La teoria muove dall’idea che la criminalità sia preceduta e accompagnata da uno stato di drift, di deriva: che al crimine si sia sospinti da un movimento con forti componenti inerziali. Il delinquente va alla deriva tra le azioni criminali e quelle convenzionali. L’antico dilemma libero arbitrio-determinismo vedrebbe questa teoria collocata sulla linea mediana di un determinismo morbido, alla luce del quale gli individui non appaiono completamente liberi né completamente determinati nelle loro azioni.
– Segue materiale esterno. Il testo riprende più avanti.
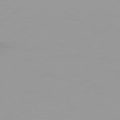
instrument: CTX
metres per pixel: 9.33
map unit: Hpe
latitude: 75.8017
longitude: -128.2144
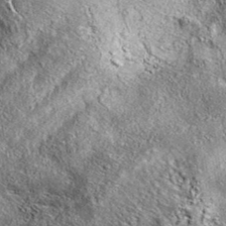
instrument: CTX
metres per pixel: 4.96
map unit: eAb
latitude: 37.6316
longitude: 109.6722
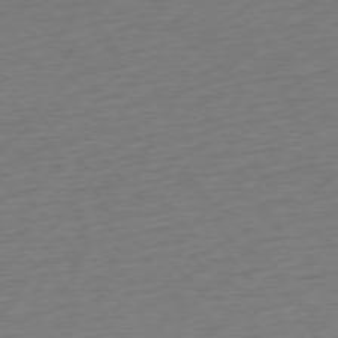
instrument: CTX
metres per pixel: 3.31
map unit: Ap
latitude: -76.0850
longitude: -64.3467
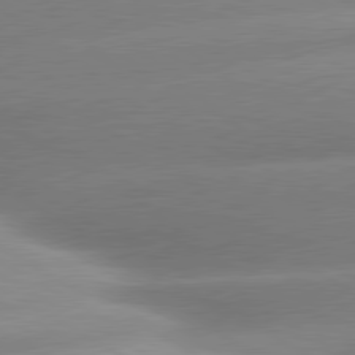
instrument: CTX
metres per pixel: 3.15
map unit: lApd
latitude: 80.3089
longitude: -157.6504
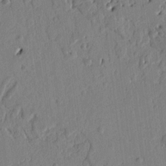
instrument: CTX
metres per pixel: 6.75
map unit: Ht
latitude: 8.8002
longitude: -77.6505
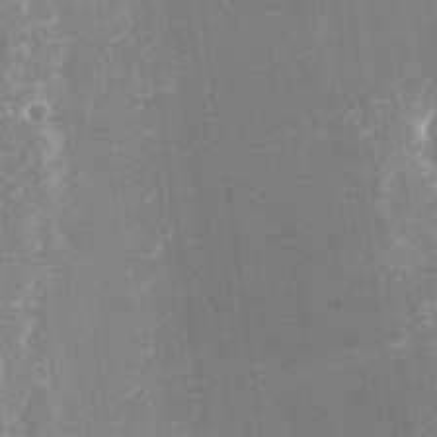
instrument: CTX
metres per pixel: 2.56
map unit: Nhu
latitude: -24.8786
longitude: -73.1970
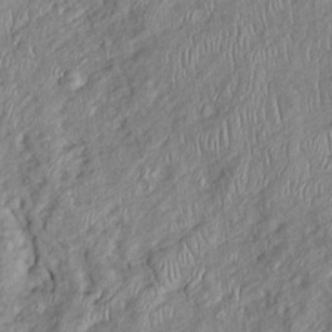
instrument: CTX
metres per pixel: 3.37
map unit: Htu
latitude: -5.6722
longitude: 155.2187
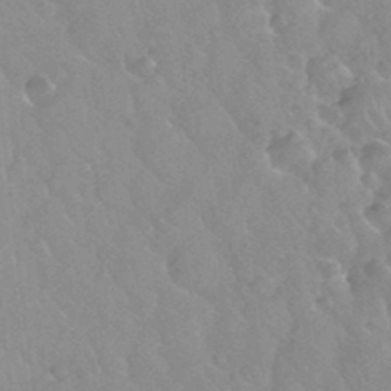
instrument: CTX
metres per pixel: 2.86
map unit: Nhu
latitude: 26.3845
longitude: -56.1955
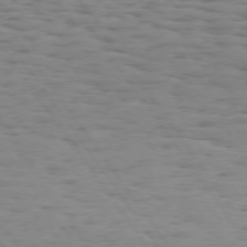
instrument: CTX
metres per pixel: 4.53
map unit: Hpe
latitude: 73.7639
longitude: -132.9136
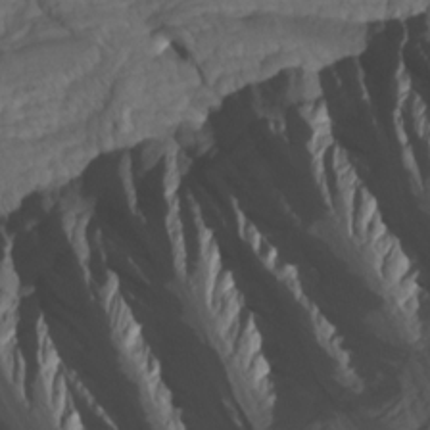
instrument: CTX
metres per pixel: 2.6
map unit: Htu
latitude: -7.1620
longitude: -68.9513
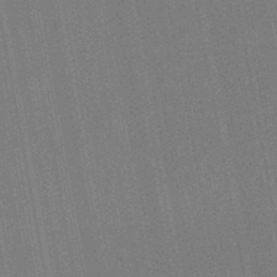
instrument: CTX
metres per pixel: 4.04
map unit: lHb
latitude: -47.0297
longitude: 70.6330
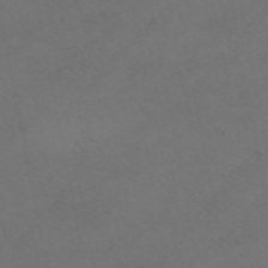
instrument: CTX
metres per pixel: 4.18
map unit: ANa
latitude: 50.9324
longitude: -71.0458
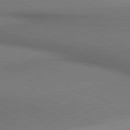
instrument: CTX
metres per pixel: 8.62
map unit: lApd
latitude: 80.4601
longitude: 156.2928
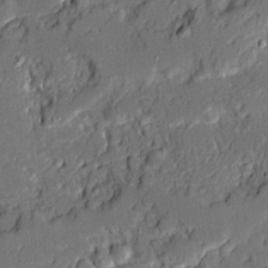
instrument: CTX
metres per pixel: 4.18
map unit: Ave
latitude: 19.9906
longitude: -128.1389
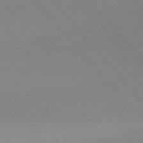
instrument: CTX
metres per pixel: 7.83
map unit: Ap
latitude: -76.2550
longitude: -86.7813
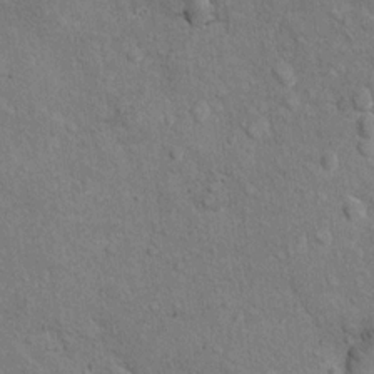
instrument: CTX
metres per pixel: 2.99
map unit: Hto
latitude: 10.3467
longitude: -36.9136
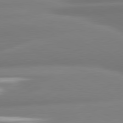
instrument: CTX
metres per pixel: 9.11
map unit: lApd
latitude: 80.7435
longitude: -160.9702
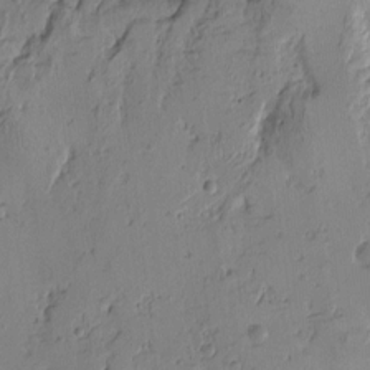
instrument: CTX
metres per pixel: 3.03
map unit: Htu
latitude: -4.0661
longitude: -177.0836
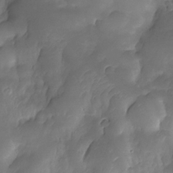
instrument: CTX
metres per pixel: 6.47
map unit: Nhe
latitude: -33.8234
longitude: -146.0633
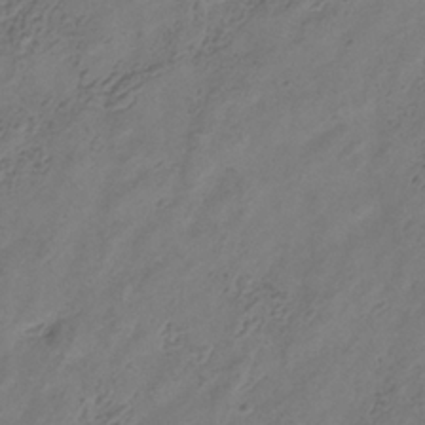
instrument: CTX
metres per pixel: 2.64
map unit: Hve
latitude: -35.2376
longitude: 88.5951
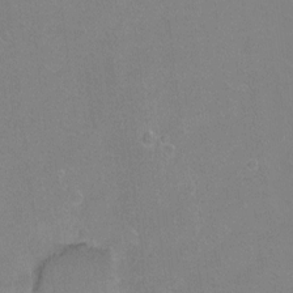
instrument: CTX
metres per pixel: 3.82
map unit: Hto
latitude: -5.3698
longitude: -35.6316
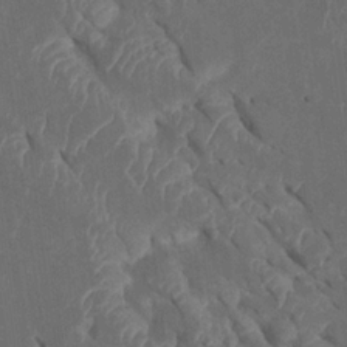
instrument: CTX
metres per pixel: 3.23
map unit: Htu
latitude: 0.5168
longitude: 147.5966
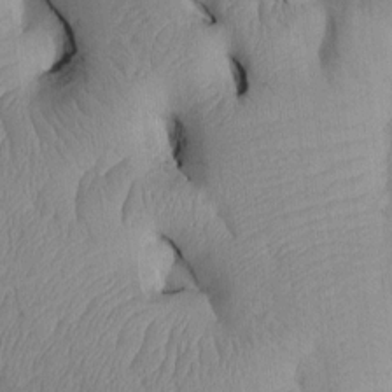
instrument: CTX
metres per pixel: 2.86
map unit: Htu
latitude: 3.1592
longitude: 148.9542
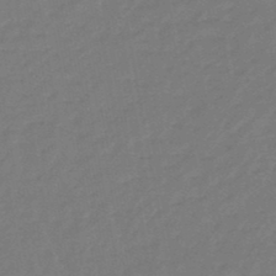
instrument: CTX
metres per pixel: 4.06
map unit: eHb
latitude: -46.5573
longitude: 82.1228
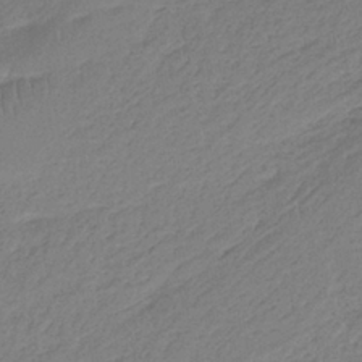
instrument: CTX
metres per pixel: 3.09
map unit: HNb
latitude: -36.5195
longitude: 57.1242
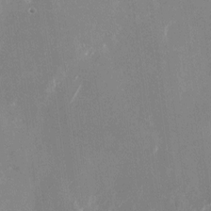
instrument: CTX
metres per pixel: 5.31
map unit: Nhu
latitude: -24.0850
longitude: -72.0633
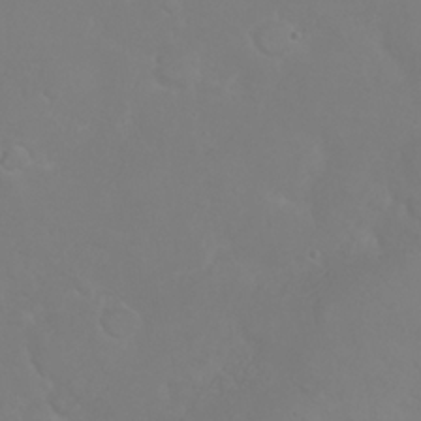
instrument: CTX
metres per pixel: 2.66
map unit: eHh
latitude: 25.4804
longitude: -64.4601
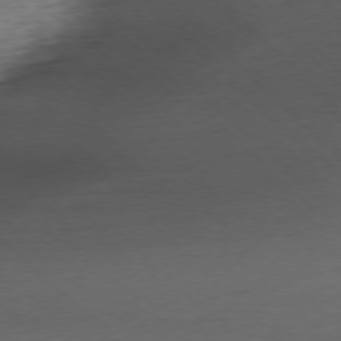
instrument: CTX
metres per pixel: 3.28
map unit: Ap
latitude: -77.0486
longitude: -79.5560
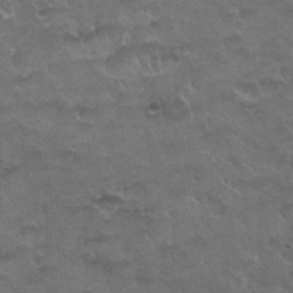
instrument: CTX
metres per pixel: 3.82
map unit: Nhu
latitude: 26.3089
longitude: -53.5182
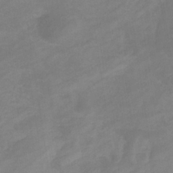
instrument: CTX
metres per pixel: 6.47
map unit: eHb
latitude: -33.3321
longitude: 72.6329
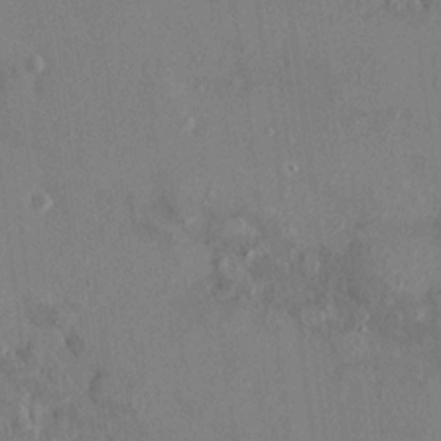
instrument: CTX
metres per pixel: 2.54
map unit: HNhu
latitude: 7.5749
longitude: 2.5195
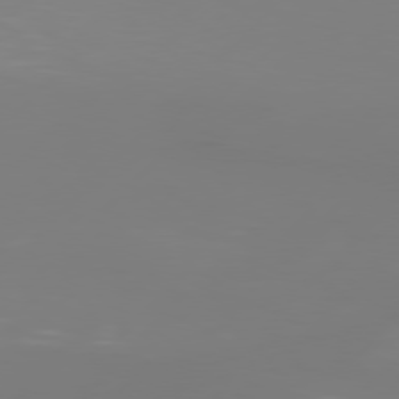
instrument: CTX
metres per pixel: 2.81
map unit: Hpe
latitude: 77.1970
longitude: -138.6868
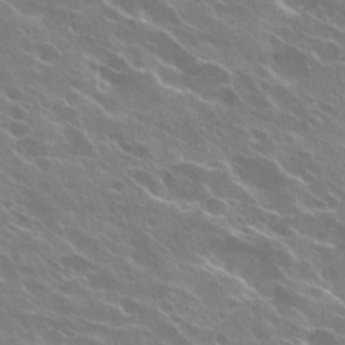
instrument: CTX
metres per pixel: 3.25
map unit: Hto
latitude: 27.1214
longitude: -41.0836
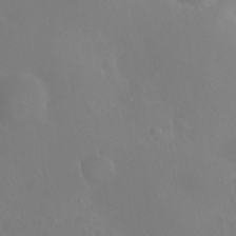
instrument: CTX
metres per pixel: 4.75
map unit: Ht
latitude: -11.4454
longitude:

Peraltro il movimento di deriva sarebbe agevolato dall’esistenza di una convergenza sotterranea tra le tecniche di neutralizzazione messe in atto e le visioni di valore espresse dai soggetti istituzionali o comunque rappresentativi della morale ufficiale. Il terreno propizio i comportamenti criminosi sarebbe comunque pur sempre costituito da una sottocultura della delinquenza: un contesto nel quale la realizzazione di fatti delinquenziali è una conoscenza comune in un gruppo di giovani.

In effetti quando divengono adulti sia fisicamente sia nel senso dell’acquisizione di connotati di status, l’ansietà si riduce e cominciano a confrontarsi con le differenze tra valori convenzionali e delinquenziali. Le diverse tecniche di neutralizzazione sono state classificate secondo cinque tipologie.

· negazione della responsabilità. Si respinge il biasimo per le proprie azioni attribuendone la causa a forze fuori dal proprio controllo.

· negazione del danno. Non si nega la responsabilità dell’azione ma la dannosità della stessa

· negazione della vittima. Si accolla alla vittima la responsabilità per il crimine o si nega la sua esistenza.

· Condanna dei condannati. Si sottolineano le manchevolezze delle figure che rappresentano l’autorità negandone la legittimazione a esprimere una condanna.

· Richiamo a fedeltà superiori. La delinquenza viene neutralizzata dando maggiore importanza alle esigenze dei gruppi di amici o della banda rispetto alla lealtà nei confronti della comunità o della società. L’attivarsi dei meccanismi di neutralizzazione in un contesto sottoculturale crea peraltro semplicemente le condizioni che rendono possibile il comportamento delinquenziale. Perché da queste condizioni erompa effettivamente il crimine è necessario l’intervento di fattori scatenanti che Matza identifica nella preparazione e nella disperazione.

Preparazione → processo attraverso il quale si apprende la fattibilità tecnica di certi atti criminosi. Vi è compreso anche il superamento del timore di essere catturati talvolta favorito dalle concezioni sottoculturali in merito all’inettitudine del sistema della giustizia penale e dalla conoscenza delle caratteristiche della giustizia minorile che offre opportunità di sottrarsi alle pene detentive.

Disperazione → il giovane si sente come una marionetta delle circostanze e avverte l’impulso a far qualcosa che valga a riaffermare il controllo sul proprio destino: egli si dedica a condotte devianti anche perché queste sembrano offrire migliori prospettive di riuscita delle attività convenzionali rispetto alle quali non si sente all’altezza.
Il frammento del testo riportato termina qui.